LA FRANCE EST LE PAYS AU MONDE QUI SOUTIENT LE MOINS SA PROPRE SCÈNE ARTISTIQUE

(2ème partie)

La commission Culture du Sénat a proposé au CAAP de contribuer à la table ronde "Attractivité et compétitivité juridiques du marché de l’art français" qui s’est tenue le 7 mars 2018. En effet, en matière d’art parmi les représentants des professionnels, il importe tout particulièrement que ceux qui s’occupent de l’art n’occultent jamais ceux qui le font. Le compte-rendu de la table ronde et la contribution écrite du CAAP sont en ligne sur le site du Sénat.

Nota bene :

  • Par "art contemporain", nous entendons les œuvres produites par les artistes vivants.
  • Par "scène artistique française", nous entendons l’ensemble des artistes qui vivent et travaillent en France, quels que soient leur pays d’origine, leur sexe, leur médium de prédilection.

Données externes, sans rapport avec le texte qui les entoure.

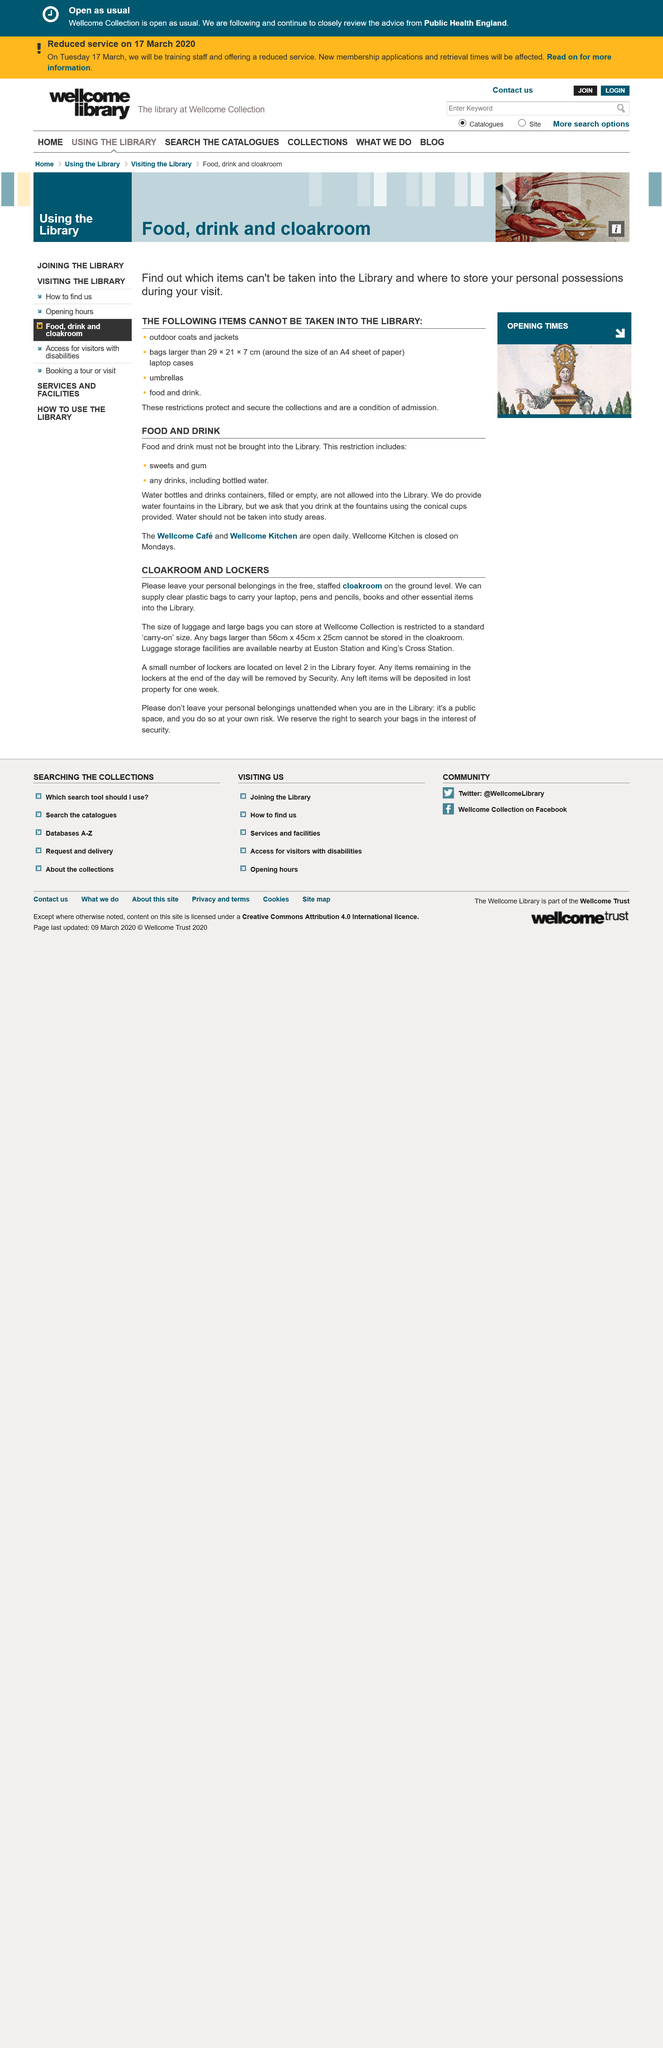Indicate a few pertinent items in this graphic. Clear plastic bags are essential for carrying essential items. The staffed cloakroom is located on the ground floor. The lockers can be found on level 2 in the Library foyer.

Les artistes-auteurs concernés sont ceux des arts visuels (arts plastiques, graphiques, photographiques...).

• LA FRANCE EST LE PAYS AU MONDE QUI SOUTIENT LE MOINS SA PROPRE SCÈNE ARTISTIQUE

Dès lors comment s’étonner que les autres pays ne s’intéressent guère à des artistes et des œuvres que leur propre pays ne juge pas bon de valoriser lui-même ? Pour ne prendre qu’un exemple d’actualité, la rétrospective actuelle à Beaubourg de César (1921-1998), célèbre à 35 ans, intervient 20 ans après sa mort tandis qu’un artiste américain comme Franck Stella a bénéficié d’une rétrospective au MOMA à l’âge de trente ans...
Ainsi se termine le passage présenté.